After induction, no apnea was observed and adequate jaw relaxation was achieved. First-pass success rate was 100% but moderate to severe cough was observed in all macaques and the arytenoids were moving while introducing the ET tube. Suction was necessary for 2 animals out of 6. During maintenance, average propofol CRI rate was decreased to 0.2 ± 0.05 mg/kg/min and average fentanyl was 0.13 ± 0.01 mcg/kg/min. In 2 animals (animals 1 and 4, see Table 1), aiming to stabilizing the anesthetic plane, low dose sevoflurane was added at an average of 0.8% (± 0.3 %) ET_sevo (corresponding to 0.4 MAC_sevo) [11]. During 1 (out of 6) anesthetic procedure only 1 additional bolus of fentanyl was administered to improve intraoperative pain management. During 3 (out of 6) anesthetic procedures additional boli of propofol were administered with a median of 2 (1-2) boli. Fentanyl CRI had a stable decreasing administered dosage tapering off when the most painful stage of the procedure was over, and suturing was started. Hypotension (MAP < 60 mmHg) occurred in 5 anesthesias and, in 4 out of 5 mean 2.9 ± 2.3 mcg/kg/min dopamine was administered IV (Table 3).

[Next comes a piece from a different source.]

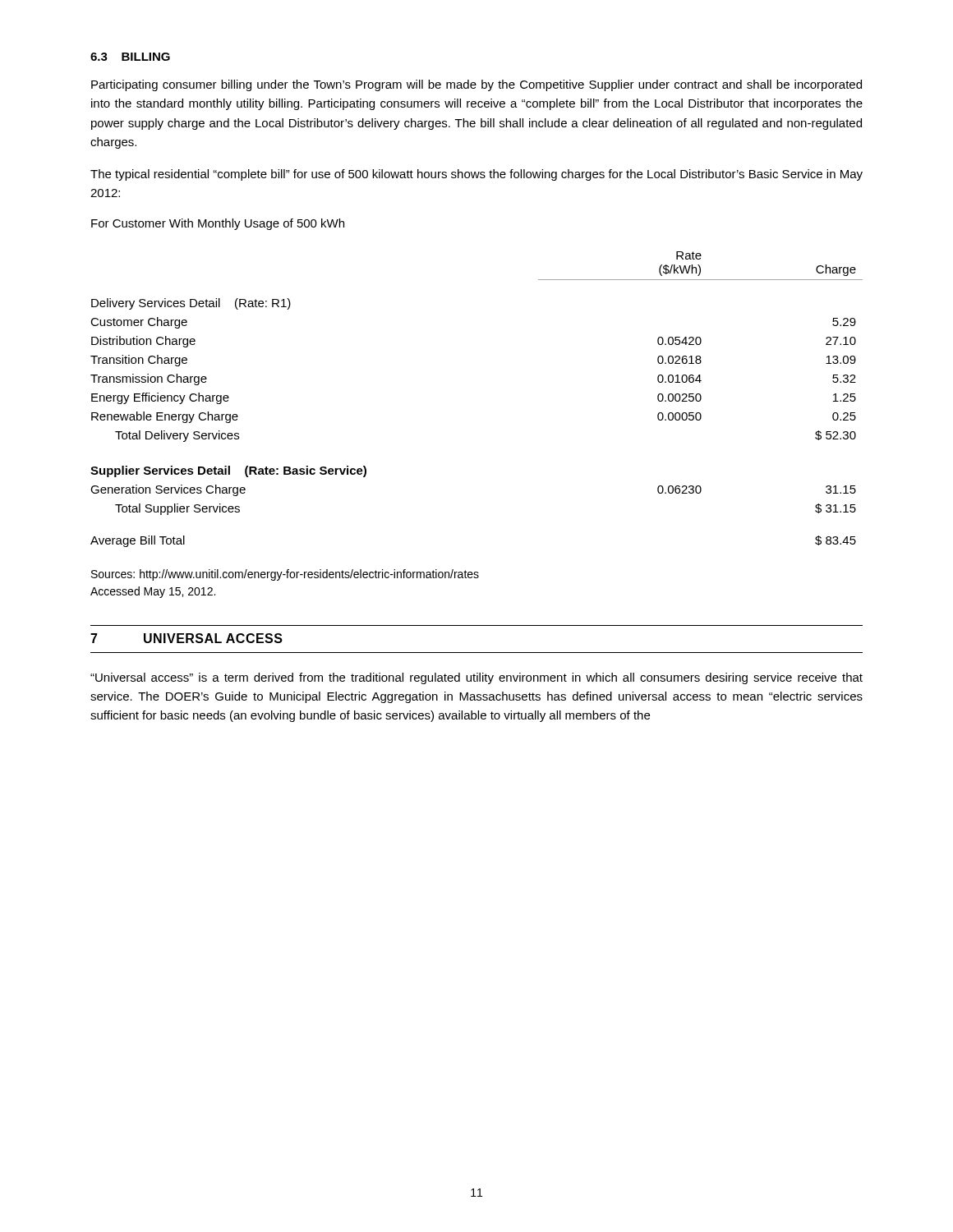
Task: Locate the block of text that opens with "Participating consumer billing under"
Action: point(476,113)
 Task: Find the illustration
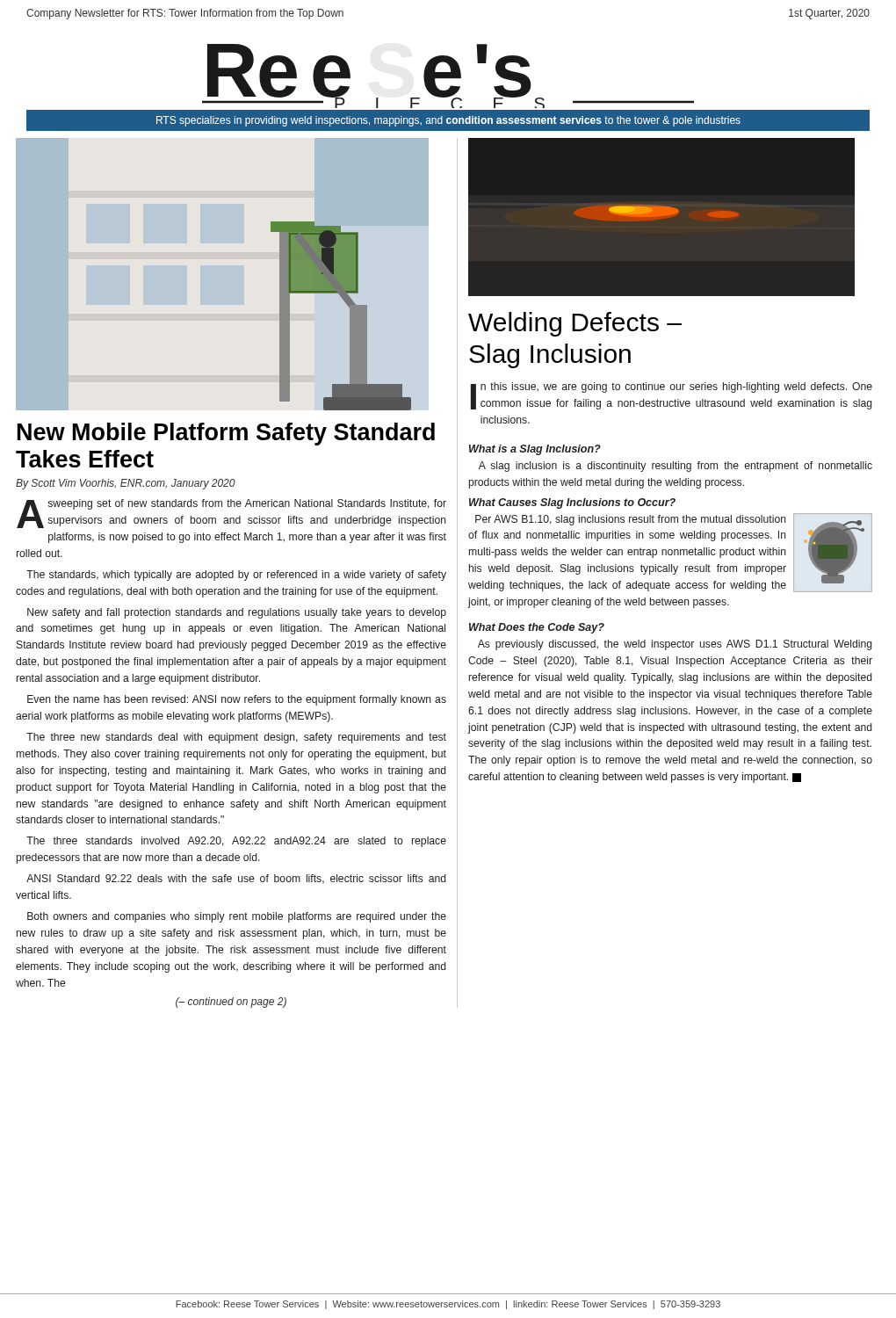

Total NaCl 0.9% and Ringer lactate administered were 14.7 ± 4.4ml/kg/h.

4.2. Group R:

For induction, propofol CRI was commenced at 0.17 ± 0.1 mg/kg/min followed by 3 mcg/kg remifentanil bolus and CRI commenced at mean 0.1 ± 0.02 mcg/kg/min. The quality of intubation in all animals was excellent, with 100%,first-pass success rate, apneic time, adequate jaw relaxation, still arytenoids and no signs of laryngospasm or cough, making the visibility of the larynx optimal without need of suction. Propofol was decreased up to 0.16 ± 0.03 mg/kg/min for maintenance. During 3 (out of 6) anesthetic procedures additional boli of propofol were administered with a median of 0.5 (0-1) boli.

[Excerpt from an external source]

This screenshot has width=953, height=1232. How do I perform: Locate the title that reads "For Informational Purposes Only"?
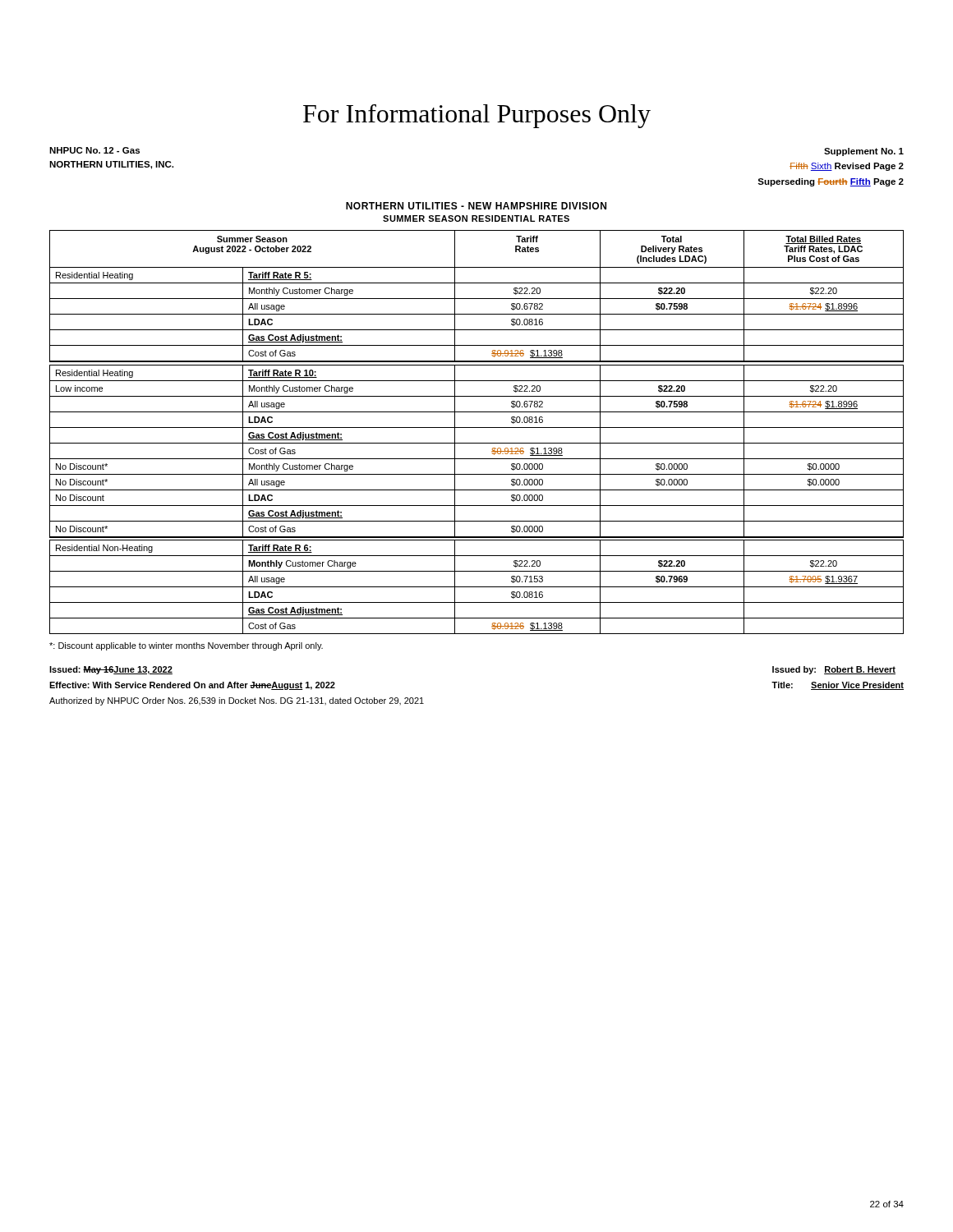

Remifentanil rate was increased to 0.2 mcg/kg/min at skin incision and, when intense surgical stimulation was taking place, a 1-3 mcg/kg bolus was administered via the pump. The mean rate of remifentanil used during anesthesia was 0.16 ± 0.05 mcg/kg/min.

During 4 (out of 6) anesthetic procedures a median of 4 (3-4) additional boli of remifentanil were administered to improve intraoperative pain management.

Overall, the mean fluids rate was 13.9 ± 6.3 ml/kg/h.

No episodes of bradycardia or hypotension were detected, and therefore no vasoactive support was given to 5 out of 6 animals (Table 3). Animal 4 experienced arrhythmias during rose Bengale induced cortical photothrombotic stroke, and its HR in 25 minutes decreased from 120 to 90 to 65 beats/min. Concurrently the oscillometric device failed detecting the blood pressure and the metatarsal pulse was no more assessable, therefore hypotension was suspected. Ephedrine 0.1 mg/kg was administered, fluids increased to 27 ml/kg for 15 minutes and atropine 0.01 mg/kg was also administered IV to contrast bradycardia.

The mean dose of fluids administered intraoperatively did not differ significantly between the 2 groups.

Anesthesia with remifentanil had a more dynamic course of action and remifentanil was titrated during anesthesia depending on patient’s requirements (Figure 1 and Figure A1).

Overall, the rate of propofol administered in group F was significantly higher than in group R during both induction and maintenance phase (p= 0.008 and p=0.02 respectively) (Figure 2 and Figure A2).

The number of animals receiving additional boli of propofol or the median number of boli did not differ significantly between the 2 groups. Intraoperatively, the cardiovascular and respiratory parameters did not differ significantly between the 2 groups (Table 2). However, the incidence of hypotension was significantly higher in group F (Table 3).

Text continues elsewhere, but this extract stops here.